**PROVIDED MATERIAL**
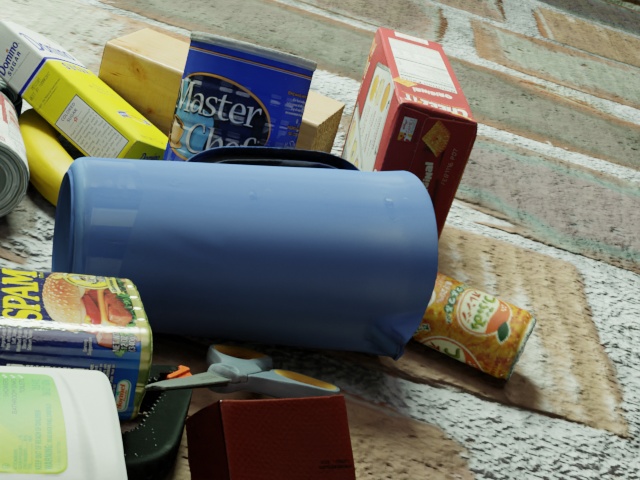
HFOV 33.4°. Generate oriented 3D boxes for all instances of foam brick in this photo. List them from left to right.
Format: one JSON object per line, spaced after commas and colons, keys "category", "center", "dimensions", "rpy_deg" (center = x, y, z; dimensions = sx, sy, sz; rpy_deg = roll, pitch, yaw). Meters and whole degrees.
{"category": "foam brick", "center": [-0.028, 0.115, 0.579], "dimensions": [0.078, 0.051, 0.053], "rpy_deg": [3, 69, -31]}

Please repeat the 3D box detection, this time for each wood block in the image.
{"category": "wood block", "center": [-0.095, -0.112, 0.976], "dimensions": [0.206, 0.090, 0.090], "rpy_deg": [22, 25, 9]}

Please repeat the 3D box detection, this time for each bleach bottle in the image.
{"category": "bleach bottle", "center": [-0.210, 0.092, 0.430], "dimensions": [0.250, 0.068, 0.103], "rpy_deg": [6, 29, -21]}

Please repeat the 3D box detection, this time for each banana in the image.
{"category": "banana", "center": [-0.212, -0.067, 0.865], "dimensions": [0.069, 0.037, 0.198], "rpy_deg": [3, 29, -26]}

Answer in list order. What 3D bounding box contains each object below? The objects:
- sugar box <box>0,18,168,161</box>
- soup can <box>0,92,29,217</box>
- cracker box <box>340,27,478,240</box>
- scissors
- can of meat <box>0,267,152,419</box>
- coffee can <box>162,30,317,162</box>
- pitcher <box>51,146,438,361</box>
{"category": "sugar box", "center": [-0.199, -0.114, 0.895], "dimensions": [0.176, 0.048, 0.093], "rpy_deg": [43, 10, 17]}
{"category": "soup can", "center": [-0.257, -0.067, 0.799], "dimensions": [0.068, 0.069, 0.102], "rpy_deg": [6, 28, -25]}
{"category": "cracker box", "center": [0.066, -0.070, 0.911], "dimensions": [0.072, 0.164, 0.213], "rpy_deg": [12, 25, -8]}
{"category": "scissors", "center": [-0.036, 0.084, 0.609], "dimensions": [0.096, 0.016, 0.202], "rpy_deg": [18, 1, 1]}
{"category": "can of meat", "center": [-0.139, 0.053, 0.563], "dimensions": [0.083, 0.057, 0.102], "rpy_deg": [6, 18, -19]}
{"category": "coffee can", "center": [-0.069, -0.086, 0.850], "dimensions": [0.103, 0.140, 0.103], "rpy_deg": [14, 8, -2]}
{"category": "pitcher", "center": [-0.055, 0.001, 0.729], "dimensions": [0.242, 0.145, 0.149], "rpy_deg": [5, 1, -20]}

**WHAT IS NEEDED**
Write out the whole listing above exactly; do not include the pictures.

**SOLUTION BELOW**
HFOV 33.4°. Generate oriented 3D boxes for all instances of foam brick in this photo. List them from left to right.
Format: one JSON object per line, spaced after commas and colons, keys "category", "center", "dimensions", "rpy_deg" (center = x, y, z; dimensions = sx, sy, sz; rpy_deg = roll, pitch, yaw). Meters and whole degrees.
{"category": "foam brick", "center": [-0.028, 0.115, 0.579], "dimensions": [0.078, 0.051, 0.053], "rpy_deg": [3, 69, -31]}

Please repeat the 3D box detection, this time for each wood block in the image.
{"category": "wood block", "center": [-0.095, -0.112, 0.976], "dimensions": [0.206, 0.090, 0.090], "rpy_deg": [22, 25, 9]}

Please repeat the 3D box detection, this time for each bleach bottle in the image.
{"category": "bleach bottle", "center": [-0.210, 0.092, 0.430], "dimensions": [0.250, 0.068, 0.103], "rpy_deg": [6, 29, -21]}

Please repeat the 3D box detection, this time for each banana in the image.
{"category": "banana", "center": [-0.212, -0.067, 0.865], "dimensions": [0.069, 0.037, 0.198], "rpy_deg": [3, 29, -26]}

Answer in list order. What 3D bounding box contains each object below? The objects:
- sugar box <box>0,18,168,161</box>
- soup can <box>0,92,29,217</box>
- cracker box <box>340,27,478,240</box>
- scissors
- can of meat <box>0,267,152,419</box>
- coffee can <box>162,30,317,162</box>
- pitcher <box>51,146,438,361</box>
{"category": "sugar box", "center": [-0.199, -0.114, 0.895], "dimensions": [0.176, 0.048, 0.093], "rpy_deg": [43, 10, 17]}
{"category": "soup can", "center": [-0.257, -0.067, 0.799], "dimensions": [0.068, 0.069, 0.102], "rpy_deg": [6, 28, -25]}
{"category": "cracker box", "center": [0.066, -0.070, 0.911], "dimensions": [0.072, 0.164, 0.213], "rpy_deg": [12, 25, -8]}
{"category": "scissors", "center": [-0.036, 0.084, 0.609], "dimensions": [0.096, 0.016, 0.202], "rpy_deg": [18, 1, 1]}
{"category": "can of meat", "center": [-0.139, 0.053, 0.563], "dimensions": [0.083, 0.057, 0.102], "rpy_deg": [6, 18, -19]}
{"category": "coffee can", "center": [-0.069, -0.086, 0.850], "dimensions": [0.103, 0.140, 0.103], "rpy_deg": [14, 8, -2]}
{"category": "pitcher", "center": [-0.055, 0.001, 0.729], "dimensions": [0.242, 0.145, 0.149], "rpy_deg": [5, 1, -20]}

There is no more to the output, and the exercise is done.